A housing redevelopment project will transform a shuttered Kansas City schoolhouse with help from actor Brad Pitt's Make It Right Foundation.

Pitt, a Missouri native, and his organization Make It Right has helped rebuild parts of storm-damaged New Orleans with eco-friendly green housing.

They have branched out to other neighborhoods in need of redevelopment, and now Pitt's group will contribute $2.3 million of the $14 million project that will turn the 103-year-old Bancroft School into a new apartment complex with 50 units, a community center and offer healthcare services in the Manheim Park neighborhood.

Tax credits will also help cover the costs.

Tim Duggan, an architect involved with the project, said Kansas City's Green Impact Zone drew the attention of the foundation. U.S. Rep.
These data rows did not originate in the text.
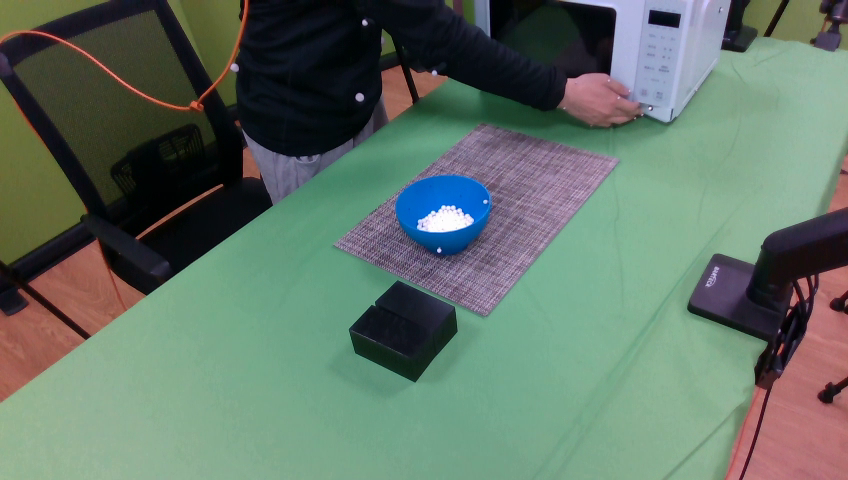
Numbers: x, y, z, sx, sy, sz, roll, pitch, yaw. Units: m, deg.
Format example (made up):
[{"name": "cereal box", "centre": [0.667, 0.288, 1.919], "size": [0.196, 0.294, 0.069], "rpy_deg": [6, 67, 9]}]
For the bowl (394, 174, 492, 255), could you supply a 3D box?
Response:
[{"name": "bowl", "centre": [0.032, -0.030, 0.950], "size": [0.151, 0.077, 0.150], "rpy_deg": [-4, 40, 4]}]

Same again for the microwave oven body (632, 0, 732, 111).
[{"name": "microwave oven body", "centre": [0.377, -0.463, 1.267], "size": [0.438, 0.261, 0.327], "rpy_deg": [21, 49, 30]}]

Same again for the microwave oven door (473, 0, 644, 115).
[{"name": "microwave oven door", "centre": [0.257, -0.396, 1.199], "size": [0.353, 0.245, 0.039], "rpy_deg": [21, 48, 29]}]

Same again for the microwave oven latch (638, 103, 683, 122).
[{"name": "microwave oven latch", "centre": [0.451, -0.252, 1.159], "size": [0.030, 0.029, 0.078], "rpy_deg": [-32, 46, -24]}]
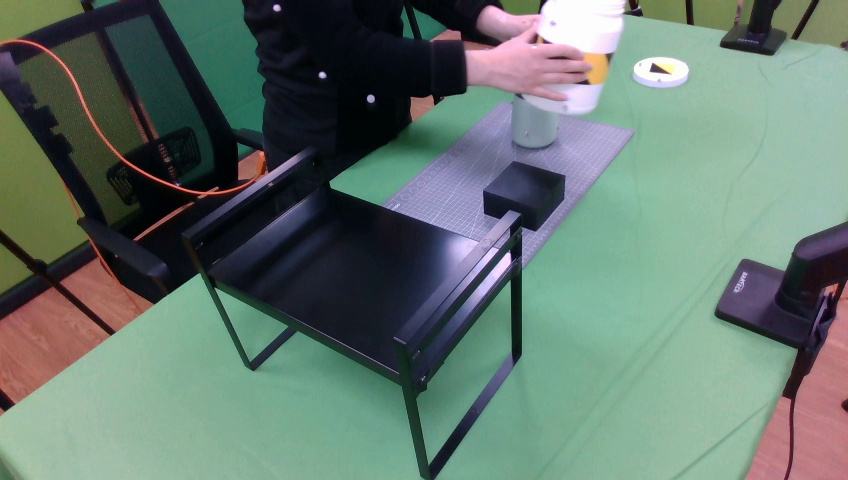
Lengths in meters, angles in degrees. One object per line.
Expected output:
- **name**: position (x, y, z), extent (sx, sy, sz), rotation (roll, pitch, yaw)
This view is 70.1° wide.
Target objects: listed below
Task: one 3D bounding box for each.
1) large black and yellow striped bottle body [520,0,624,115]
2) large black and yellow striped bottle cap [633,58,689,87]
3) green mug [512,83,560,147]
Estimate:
- **large black and yellow striped bottle body**: position (0.241, -0.311, 0.985), extent (0.131, 0.184, 0.130), rotation (8, 35, -5)
- **large black and yellow striped bottle cap**: position (0.521, -0.370, 1.331), extent (0.115, 0.019, 0.114), rotation (-3, 41, 3)
- **green mug**: position (0.217, -0.251, 1.169), extent (0.092, 0.105, 0.125), rotation (2, 41, 12)
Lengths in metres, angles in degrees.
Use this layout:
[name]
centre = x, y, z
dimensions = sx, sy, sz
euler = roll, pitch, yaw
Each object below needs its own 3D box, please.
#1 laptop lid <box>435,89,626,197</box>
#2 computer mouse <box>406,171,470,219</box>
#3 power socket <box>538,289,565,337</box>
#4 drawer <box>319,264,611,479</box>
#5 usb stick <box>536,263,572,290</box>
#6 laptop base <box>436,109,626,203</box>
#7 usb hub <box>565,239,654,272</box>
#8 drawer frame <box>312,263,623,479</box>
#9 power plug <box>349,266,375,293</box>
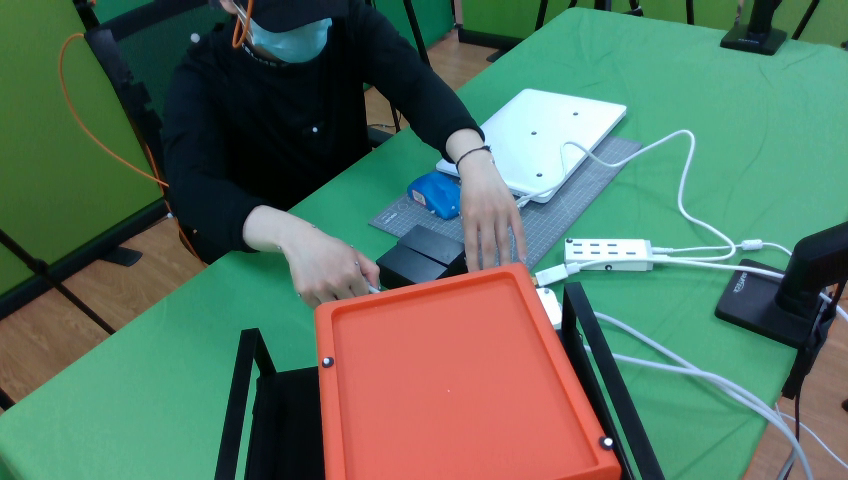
[laptop lid]
centre = 0.211, -0.202, 1.165
dimensions = 0.240, 0.013, 0.358
euler = 21, 47, 32
[computer mouse]
centre = 0.024, -0.082, 1.049
dimensions = 0.063, 0.041, 0.116
euler = -30, 50, -27
[power socket]
centre = 0.081, 0.112, 0.822
dimensions = 0.227, 0.033, 0.072
euler = -7, 41, -1
[drawer]
centre = 0.020, 0.129, 0.497
dimensions = 0.195, 0.073, 0.210
euler = -11, 41, -5
[usb stick]
centre = 0.182, 0.057, 0.875
dimensions = 0.059, 0.021, 0.027
euler = -31, 0, -6
[laptop base]
centre = 0.214, -0.192, 1.172
dimensions = 0.233, 0.023, 0.355
euler = 19, 46, 32
[usb hub]
centre = 0.275, 0.022, 0.906
dimensions = 0.125, 0.025, 0.049
euler = 1, 41, 9
[drawer frame]
centre = 0.021, 0.130, 0.494
dimensions = 0.202, 0.083, 0.212
euler = -11, 41, -6
[power plug]
centre = -0.084, 0.067, 0.838
dimensions = 0.035, 0.053, 0.072
euler = -16, 49, 3
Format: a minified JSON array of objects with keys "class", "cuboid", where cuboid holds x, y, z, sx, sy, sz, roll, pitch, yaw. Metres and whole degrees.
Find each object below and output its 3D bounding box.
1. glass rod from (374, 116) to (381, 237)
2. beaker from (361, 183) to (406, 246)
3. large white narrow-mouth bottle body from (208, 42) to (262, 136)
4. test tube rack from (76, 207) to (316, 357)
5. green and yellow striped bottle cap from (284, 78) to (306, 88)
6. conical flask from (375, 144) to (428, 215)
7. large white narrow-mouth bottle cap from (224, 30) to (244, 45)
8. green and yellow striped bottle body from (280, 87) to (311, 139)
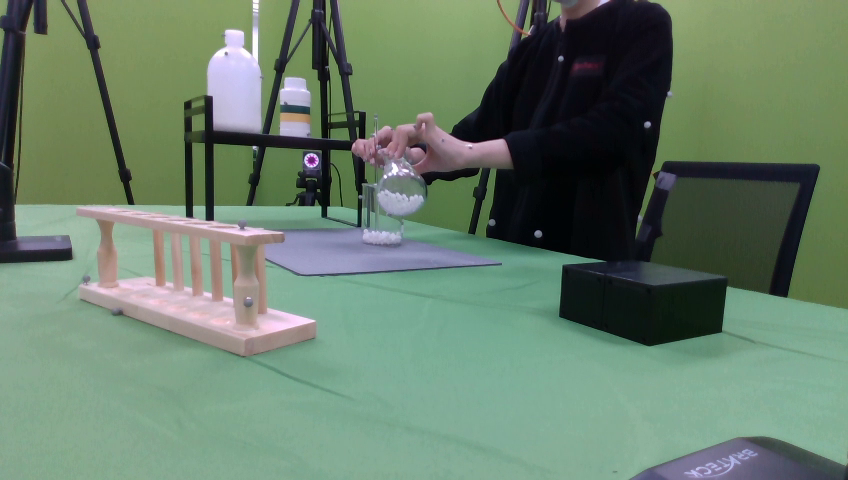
[{"class":"glass rod","cuboid":[-0.078,-0.104,1.003,0.008,0.199,0.008,-1,5,0]},{"class":"beaker","cuboid":[-0.067,-0.042,0.993,0.074,0.100,0.084,1,8,-8]},{"class":"large white narrow-mouth bottle body","cuboid":[-0.368,-0.304,1.181,0.102,0.194,0.101,2,9,0]},{"class":"test tube rack","cuboid":[-0.196,0.023,0.500,0.241,0.085,0.067,8,9,36]},{"class":"green and yellow striped bottle cap","cuboid":[-0.268,-0.325,1.259,0.045,0.020,0.045,5,7,0]},{"class":"conical flask","cuboid":[-0.038,-0.098,0.893,0.075,0.075,0.121,1,36,-10]},{"class":"large white narrow-mouth bottle cap","cuboid":[-0.365,-0.389,1.166,0.038,0.024,0.037,2,9,0]},{"class":"green and yellow striped bottle body","cuboid":[-0.269,-0.274,1.266,0.063,0.119,0.063,3,7,0]}]
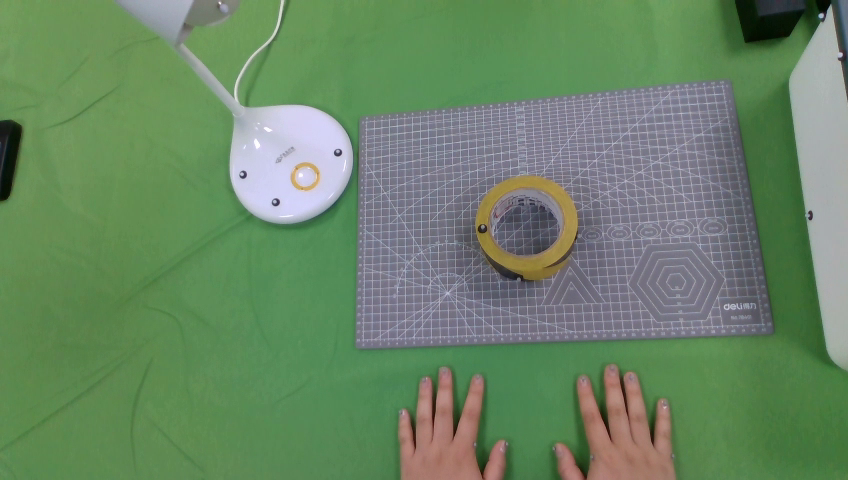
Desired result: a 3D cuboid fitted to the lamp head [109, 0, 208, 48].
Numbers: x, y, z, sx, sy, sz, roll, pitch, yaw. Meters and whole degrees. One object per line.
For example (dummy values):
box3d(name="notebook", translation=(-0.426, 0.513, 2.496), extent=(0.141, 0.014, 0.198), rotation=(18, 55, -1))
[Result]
box3d(name="lamp head", translation=(-0.198, -0.211, 0.413), extent=(0.123, 0.112, 0.112), rotation=(28, 78, -18))

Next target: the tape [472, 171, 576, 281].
box3d(name="tape", translation=(0.111, -0.016, 0.678), extent=(0.116, 0.053, 0.116), rotation=(-3, 73, 9))

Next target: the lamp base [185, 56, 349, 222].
box3d(name="lamp base", translation=(-0.196, -0.127, 0.700), extent=(0.178, 0.181, 0.160), rotation=(36, 82, 21))

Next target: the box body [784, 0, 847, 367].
box3d(name="box body", translation=(0.508, -0.060, 0.563), extent=(0.254, 0.161, 0.362), rotation=(-1, 74, 10))

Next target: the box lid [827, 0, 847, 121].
box3d(name="box lid", translation=(0.496, -0.084, 0.494), extent=(0.263, 0.015, 0.369), rotation=(-1, 74, 10))
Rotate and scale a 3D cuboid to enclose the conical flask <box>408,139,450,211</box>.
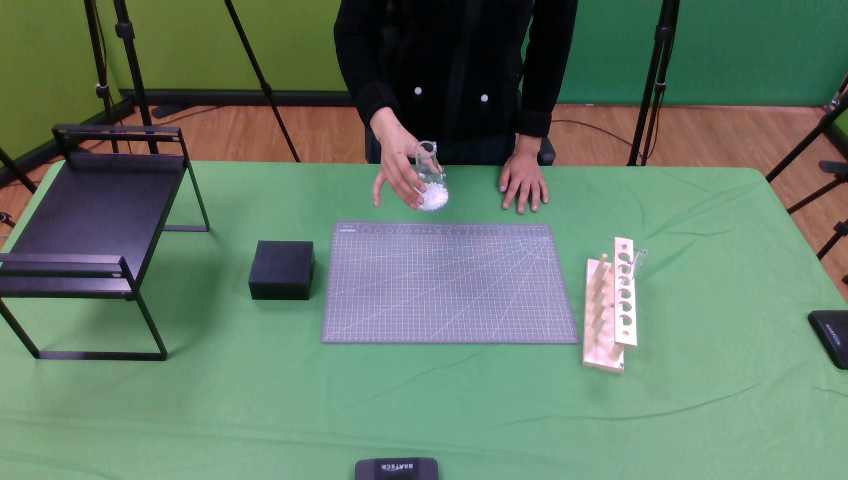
[{"bbox_3d":[0.005,-0.114,1.034,0.075,0.122,0.075,-3,50,3],"label":"conical flask"}]

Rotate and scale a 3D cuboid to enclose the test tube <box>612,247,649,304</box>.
[{"bbox_3d":[0.353,0.065,1.044,0.017,0.151,0.017,3,49,-4],"label":"test tube"}]

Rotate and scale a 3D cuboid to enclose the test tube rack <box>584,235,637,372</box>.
[{"bbox_3d":[0.329,0.103,1.073,0.067,0.085,0.241,11,47,7],"label":"test tube rack"}]
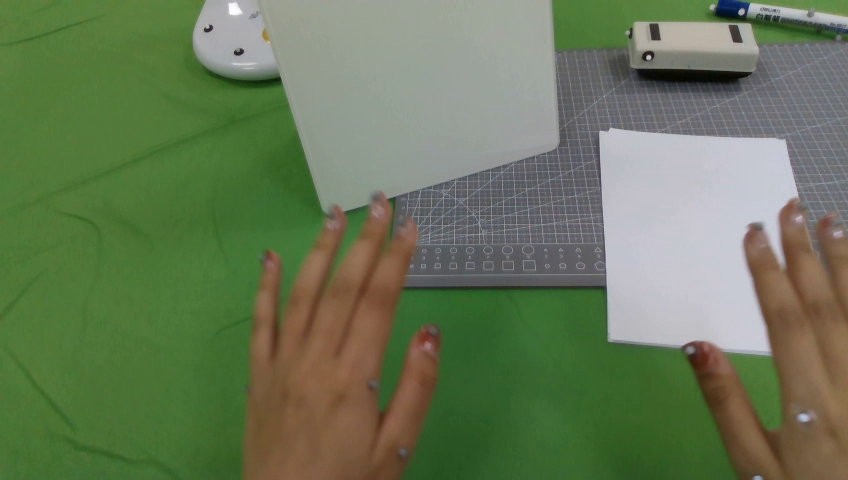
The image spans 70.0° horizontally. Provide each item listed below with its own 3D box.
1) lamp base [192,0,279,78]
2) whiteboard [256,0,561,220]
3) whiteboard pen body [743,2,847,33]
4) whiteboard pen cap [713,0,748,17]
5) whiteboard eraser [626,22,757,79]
[{"bbox_3d":[-0.189,-0.285,0.614,0.177,0.182,0.160,34,61,30],"label":"lamp base"},{"bbox_3d":[-0.025,-0.207,0.495,0.217,0.308,0.142,-17,32,-8],"label":"whiteboard"},{"bbox_3d":[0.381,-0.232,0.626,0.140,0.017,0.017,19,55,21],"label":"whiteboard pen body"},{"bbox_3d":[0.328,-0.248,0.647,0.033,0.018,0.018,19,55,22],"label":"whiteboard pen cap"},{"bbox_3d":[0.253,-0.182,0.581,0.112,0.042,0.055,4,53,8],"label":"whiteboard eraser"}]
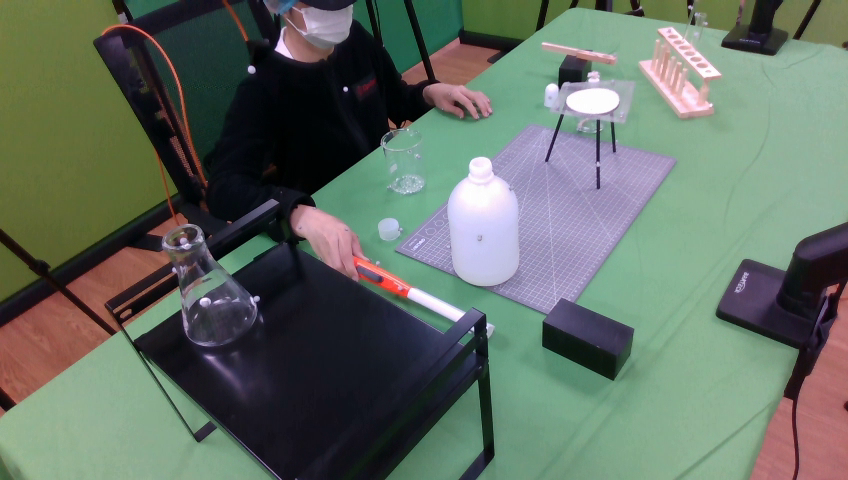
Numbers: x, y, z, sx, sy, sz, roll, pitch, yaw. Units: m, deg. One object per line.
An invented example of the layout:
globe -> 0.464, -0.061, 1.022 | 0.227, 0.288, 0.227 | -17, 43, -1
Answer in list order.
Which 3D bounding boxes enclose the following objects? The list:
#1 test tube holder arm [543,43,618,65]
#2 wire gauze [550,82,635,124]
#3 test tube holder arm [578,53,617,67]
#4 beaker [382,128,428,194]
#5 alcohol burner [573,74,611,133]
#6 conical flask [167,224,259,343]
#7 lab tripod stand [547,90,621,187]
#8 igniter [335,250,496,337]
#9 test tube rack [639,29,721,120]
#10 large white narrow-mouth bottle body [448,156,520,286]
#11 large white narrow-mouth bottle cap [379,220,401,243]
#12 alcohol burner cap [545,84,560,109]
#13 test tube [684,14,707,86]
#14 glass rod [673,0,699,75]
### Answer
test tube holder arm -> 0.345, -0.413, 1.340 | 0.177, 0.015, 0.013 | 25, 50, 31
wire gauze -> 0.285, -0.236, 1.020 | 0.124, 0.011, 0.121 | 10, 44, 22
test tube holder arm -> 0.376, -0.393, 1.314 | 0.087, 0.015, 0.010 | 26, 51, 32
beaker -> -0.030, -0.142, 1.095 | 0.073, 0.101, 0.084 | 14, 44, 23
alcohol burner -> 0.330, -0.270, 1.177 | 0.078, 0.119, 0.077 | -4, 42, 5
conical flask -> -0.220, 0.041, 0.613 | 0.075, 0.122, 0.075 | -5, 40, 4
lab tripod stand -> 0.289, -0.184, 1.062 | 0.148, 0.132, 0.147 | -6, 41, 6
igniter -> -0.023, 0.071, 0.867 | 0.274, 0.057, 0.025 | 24, 94, 27
test tube rack -> 0.527, -0.351, 1.262 | 0.067, 0.085, 0.241 | -8, 40, 1
large white narrow-mouth bottle body -> 0.086, -0.032, 0.869 | 0.102, 0.195, 0.101 | -4, 40, 4
large white narrow-mouth bottle cap -> -0.057, -0.015, 1.011 | 0.038, 0.024, 0.037 | -4, 40, 4
alcohol burner cap -> 0.274, -0.308, 1.285 | 0.034, 0.048, 0.033 | -5, 42, 5
test tube -> 0.541, -0.379, 1.216 | 0.017, 0.151, 0.017 | -2, 44, 2
glass rod -> 0.541, -0.427, 1.246 | 0.008, 0.200, 0.008 | 0, 48, 1
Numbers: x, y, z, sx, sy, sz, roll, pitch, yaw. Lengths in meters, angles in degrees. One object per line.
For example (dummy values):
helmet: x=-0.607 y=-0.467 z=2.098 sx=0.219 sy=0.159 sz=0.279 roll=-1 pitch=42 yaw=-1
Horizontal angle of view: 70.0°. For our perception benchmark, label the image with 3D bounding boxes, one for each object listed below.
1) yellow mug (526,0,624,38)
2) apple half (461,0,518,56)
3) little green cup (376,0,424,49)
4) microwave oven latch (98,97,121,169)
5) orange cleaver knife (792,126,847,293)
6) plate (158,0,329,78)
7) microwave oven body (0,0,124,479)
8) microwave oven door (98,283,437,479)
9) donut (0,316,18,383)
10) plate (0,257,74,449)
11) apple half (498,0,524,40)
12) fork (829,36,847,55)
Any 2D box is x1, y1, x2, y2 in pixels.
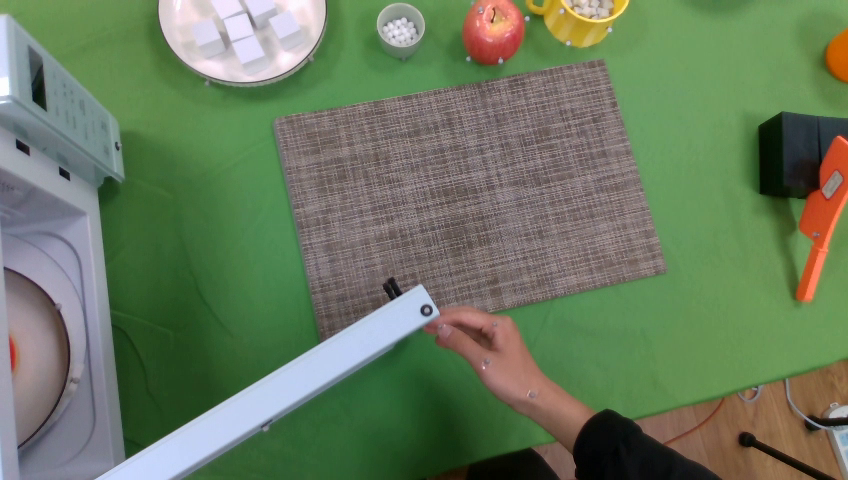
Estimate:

Emanuel Cleaver, D-Kansas City, has spearheaded the project.

Duggan said this foundation was interested in the opportunity for a focused investment in a sustainable development.

Stephen Boyd calls Tracy Avenue in KCMO home.

"This is the fifth time I have lived on Tracy ... strange phenomenon, but it is true," said resident Boyd.

Most of his neighbors over the years have moved out.

"It is bittersweet memories of this era gone by," said Boyd.

Boyd attended the Bancroft School on East 43rd Street and Tracy Avenue.

It is now listed as a dangerous building, but it will see new life.

"This is certainly going to move in the right direction to cleanup one block, one neighborhood at a time ... that is what this will help do," said Councilman Jermaine Reed.

And for Boyd, he feels having Pitt back the project means change for the better will come to his block.

"It is encouraging when you have seen the urban decay for so long, the urban blight ... it is encouraging to see progress like that," said Boyd.

Pitt was not in Kansas City for the announcement. However, he is expected to attend the ground-breaking ceremony in June. The hope is to have the project completed by spring 2013.